Conner McKinney, Research Associate, European gas research said:
- Some operators may see this time as ‘now or never’ for their projects, particularly inspired by the possibility of high prices. Temporary tax packages offered in Norway last year will encourage more FIDs including King Lear, Asterix, Dvalin North and Linnorm
- Maximising flexible production through increased permits for Troll and Oseberg will also be a focus and some operators may prioritise gas sales over gas reinjection, like Equinor at Gina Krog
- While new FIDs are more uncertain due to ESG pressures in the UK, the sustained market tightness expected over the next few years may impact decision-making in other parts of Europe
- In Romania, progress towards FID for the giant Neptun Deep project has been delayed since 2019, not least by fiscal and regulatory deterioration
- It has the potential to produce more than 6 billion m3 a year at plateau and transform Romania to a net gas exporter, but for this to materialise, fiscal and regulatory improvements are required
- The prolonged prospect of high prices could further encourage Romania’s government to speed up change
Expert advisers have until 21 January to provide feedback which may result in changes to the proposed text.

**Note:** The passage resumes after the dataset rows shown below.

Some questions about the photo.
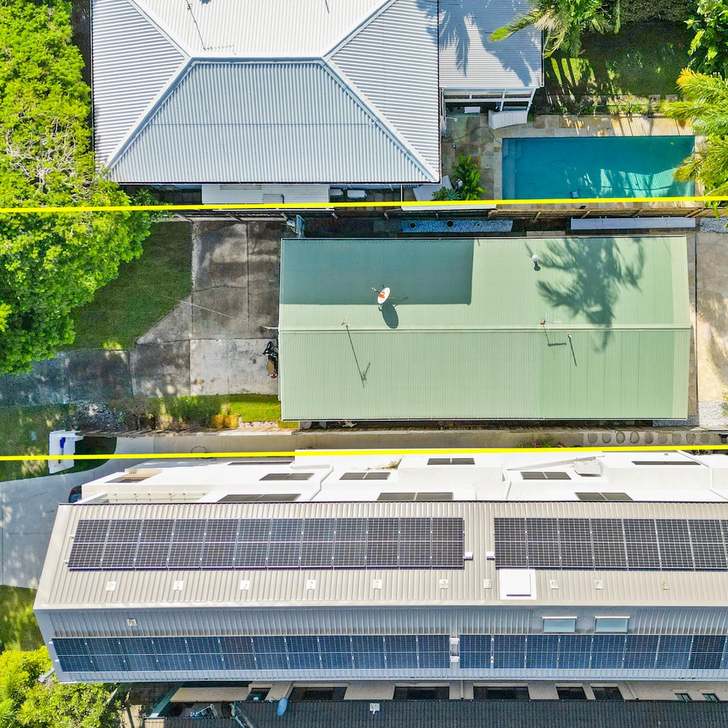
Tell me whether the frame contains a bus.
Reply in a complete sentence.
No, I find no bus anywhere in the image.
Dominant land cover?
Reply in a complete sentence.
Most of the picture is covered by buildings.
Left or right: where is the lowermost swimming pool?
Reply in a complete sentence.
The lowermost swimming pool is on the right side of the image.
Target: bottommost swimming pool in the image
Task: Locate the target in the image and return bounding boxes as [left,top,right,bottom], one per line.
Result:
[502,137,695,200]

Claire Spencer, Research Associate, European gas research, stated:
- As it stands, financial and non-financial investors will be able to increase their corporate ‘green scoring’ by investing in gas, including outside Europe, disclosure will be key
- Other countries developing similar taxonomies would be emboldened to include gas too, particularly in Asian markets where coal still dominates
- However, the EU recognition of gas power plants as a transitional investment is no panacea for the gas industry
The proposed CO2 emission cap of 270 Gr. per kWh for facilities that have a construction permit by 2030, alongside the commitment to use at least 30% of renewable or low carbon gas by 2026 and 100% by 2035, means that the use of conventional natural gas would need to reduce over time if a gas-fired power plant is to be classified as transitional.
The use of unabated natural gas in the EU is set to decline, even if the EU classifies investments in gas-fired plants as transitional investments.